What is an ellipse?

Geometry defines an ellipse as the path described by a moving point, when the sum of its distances from two fixed points remains constant. Each of these fixed points is called a focus (plural focii). The diagram below explains it a bit more simply. As the point P moves, it traces out the orange line. At all positions of P, the sum of the distances a and b will always be constant.

a + b = constant

The ellipse was first studied by a Greek mathematician named Menaechmus (around 380 BC) who was said to have been the tutor of Alexander the Great.

In 1605 the astronomer Johannes Kepler famously demonstrated that the planets in our solar system move in ellipses with the sun at one focus. In fact, it was Kepler who first coined the word ‘focus’ in this context.

How to draw an ellipse

Some people may remember, from their school days, drawing an ellipse with a pencil, two thumbtacks and a loop of string. Place two thumbtacks a short distance apart into a piece of stiff paper or cardboard. Loop the string around the thumbtacks and, with the pencil always held tightly outwards against the string, draw a closed curve. The curve you have drawn is an ellipse. Each thumbtack is one of the focii of the ellipse.

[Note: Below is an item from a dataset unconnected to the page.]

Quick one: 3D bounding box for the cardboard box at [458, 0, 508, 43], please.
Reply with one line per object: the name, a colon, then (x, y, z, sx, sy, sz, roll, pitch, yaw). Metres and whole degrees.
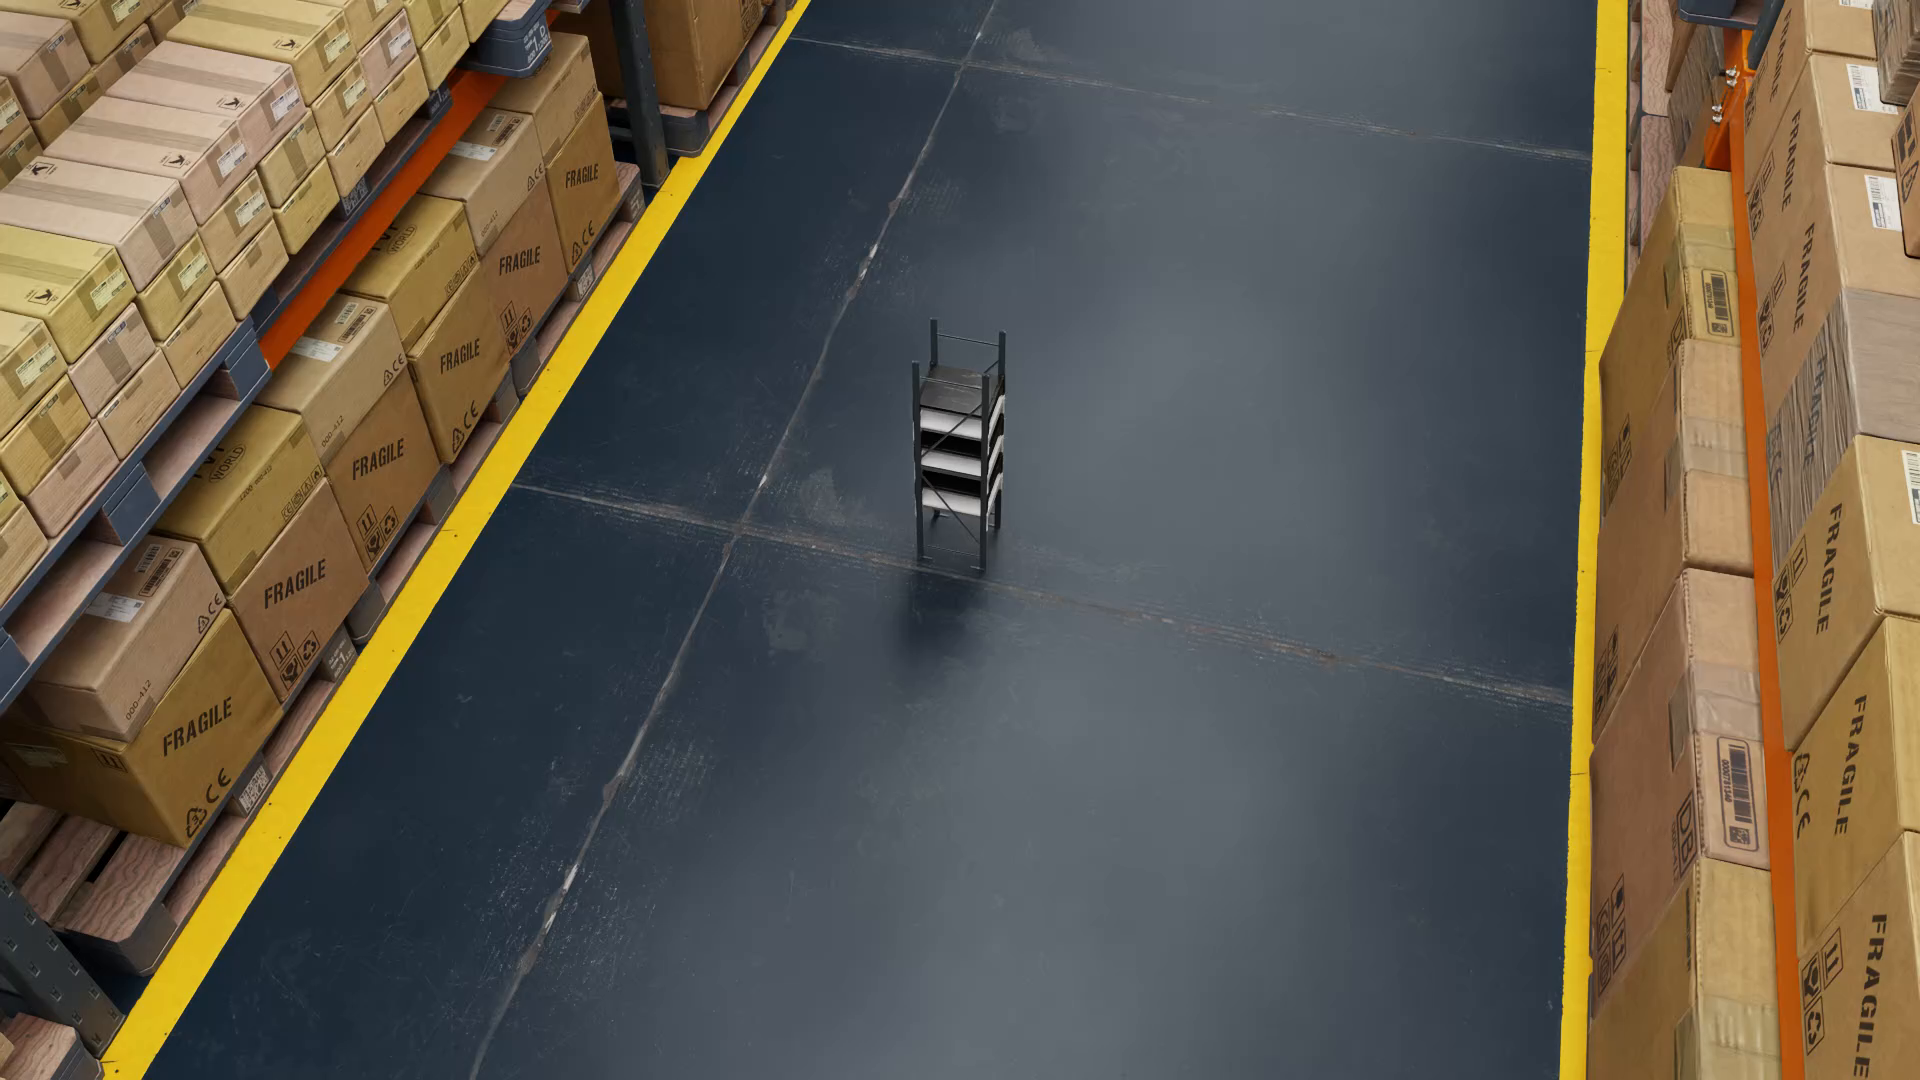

Reflective properties of an ellipse

Any ray passing through one focus of an ellipse will will reflect off of the ellipse and pass through the other focus.

This has practical applications in physics. There are many famous buildings with elliptically shaped ‘whisper galleries’ or ‘whisper chambers’. St. Paul's Cathedral, designed by architect and mathematician Sir Christopher Wren, contains one such whisper gallery. If a person stands in this room at one of the foci and utters even the slightest whisper, another person standing at the other focus can hear it.